I’m not sure if this is strictly a bug, but I’ve noticed it a couple times. I had a HIIT workout prescribed today with 90 second walking recovery periods for each interval. There were 7 intervals, so it comprised a non-trivial amount of time and distance in the workout. It seems that the prescribed distance and time figures don’t include these recoveries, which leads to what seem to be incorrectly calculated metrics.
Is this intended behavior, or am I doing something wrong/misreading the data?
That is a calculated load of 107 against a planned of 71.
Where I think something may be amiss is, the scheduled time of 1:00:20 is short of the actual time as performed by about 14 minutes. Some of that is accounted for in variances in the sprint intervals, but the lion’s share of that is the 1’30" rests, which account for 12 minutes in this workout that seems to have been ignored from an estimated load/time perspective.

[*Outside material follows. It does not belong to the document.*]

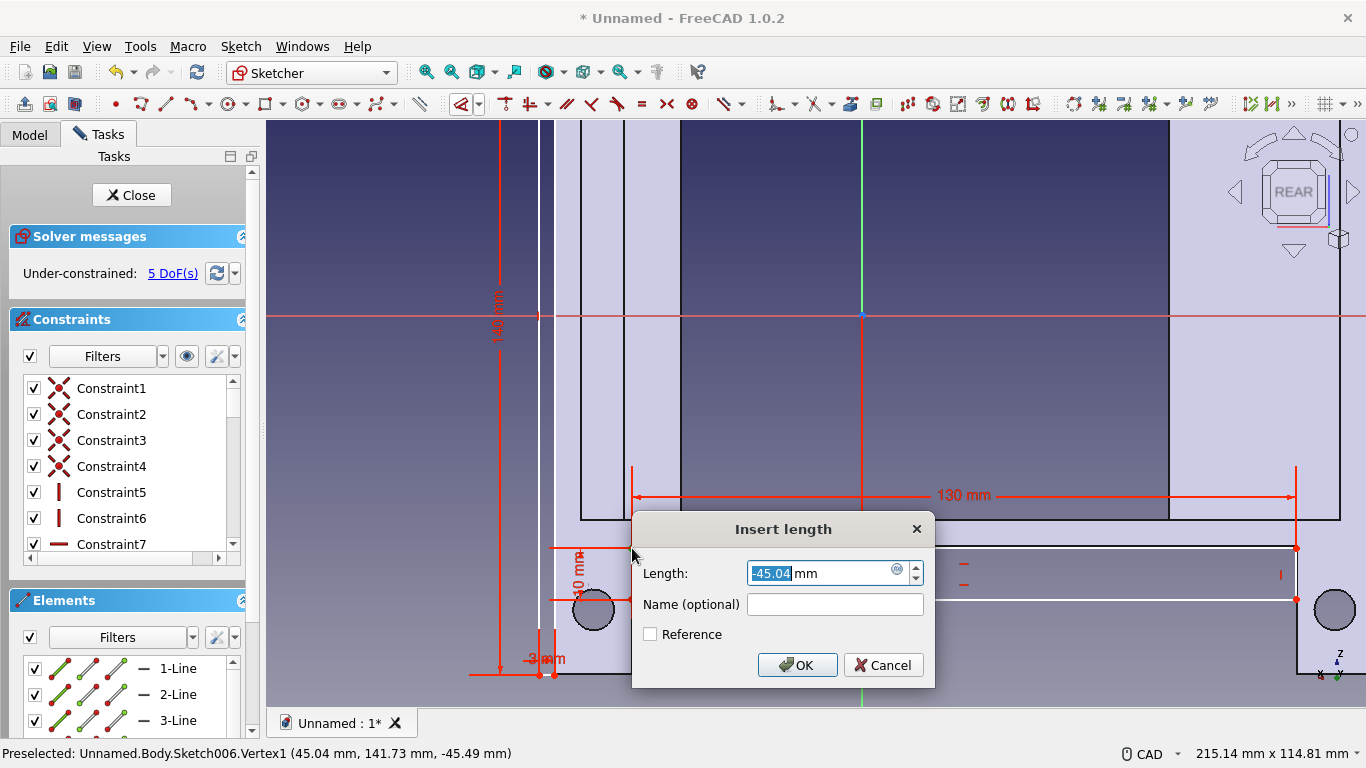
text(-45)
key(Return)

Hopefully I’m explaining this clearly. Is this the intended behavior? Should I manually adjust the load factor for this workout?
I’ve noticed the same thing happening to me, there’s something in the way the recovery periods are defined that make them get ignored for the load planner.
As a consequence the compliance is always “above” and the AI is amazed at my performance, despite me just doing the workout exactly as prescribed.
Hey, sorry for late reply. Not sure what is happening here.
Seems both of your completed load is higher than planned. Seems like AI coach is missing some of the load ( it could be because the sprints are defined as length, not duration?) in the planned time duration.
After you’ve done these sessions, does AI coach adjust your next run sessions or give you an overtraining warning?
@Prof just bringing this to your attention to look at please.
Hi there. Indeed, those 1’45" rest (easy walk back) portion is not counted in the load - its considered as passive recovery because you are walking back easy. However I see the point and we’ll see if we can make some changes to this to address. Thanks for flagging.
Yeah, I was getting overtraining notices that had me dialing back the prescribed workouts to stay in line, since I figure the AI thought I did 150% of the workout in question . It just seems like it needs to exclude the passive recovery from both the estimated and actual load figures, where right now it’s just excluding it from the estimated load.